Откусывая сладкий пирожок и выковыривая пальцами вишни, Стивка уточнил:
– Значит, в Дофиновку.
– Эге! Там их будет ждать автомобиль.
– Досада, – вздохнул Стивка. – Все-таки лучше в Турцию. А высоко?
– Что высоко?
– Будут летать?
– За облаками.
– А если не будет облаков? Погодка хорошая.
– Неизвестно, какое небо будет тогда, может, затянет.
– А ты бы полетел? – спросил Стивка. – Наверно, сдрейфил бы.
Вопрос был неожиданный, и Андрюша ответил не сразу.
– Просто никто не звал.
Мальчики уже прошли улицу, последнюю трамвайную станцию и вошли в парк. Тут все было полно садовой утренней жизни. Свистели и чирикали птицы.
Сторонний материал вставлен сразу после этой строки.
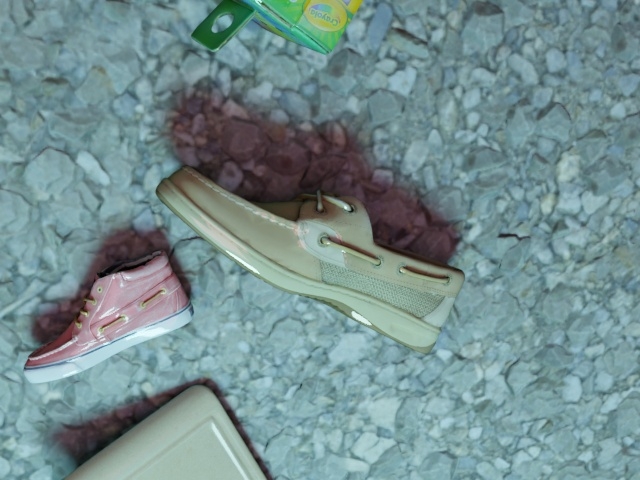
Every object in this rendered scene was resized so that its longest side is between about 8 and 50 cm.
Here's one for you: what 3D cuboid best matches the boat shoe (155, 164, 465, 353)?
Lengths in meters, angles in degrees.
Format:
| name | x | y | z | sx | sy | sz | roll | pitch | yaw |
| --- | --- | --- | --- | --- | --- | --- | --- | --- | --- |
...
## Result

Усиленно отдавали аромат цветочные клумбы, еще сохраняющие утреннюю свежесть и блеск утренней поливки. Тут тоже аллеи пахли песком, прибитым струей из шланга. Было безлюдно, наверху купы деревьев то здесь, то там вдруг приходили в движение, переговаривались целыми толпами: говорят одни, другие внимательно слушают, те окончили говорить, начинают говорить эти. И в тяжелых массах листвы, так же, как и на листьях цветов, блеск и сверканье, а мощные стволы платанов или тополей, освещенные проскользнувшим сквозь листву лучом, стоят молочно-голубые, по цвету почти такие же, каким бывает лицо Фины Ангелиди вечером при свете лампионов. Иные же стволы похожи на добрых медведей: толстые, мягкие, гладкие, такие, что хочется погладить, – стоят на мягких лапах. Хорошо! Так как же это: «Земля – враг»? Зачем кривить душой? Всё радует и томит.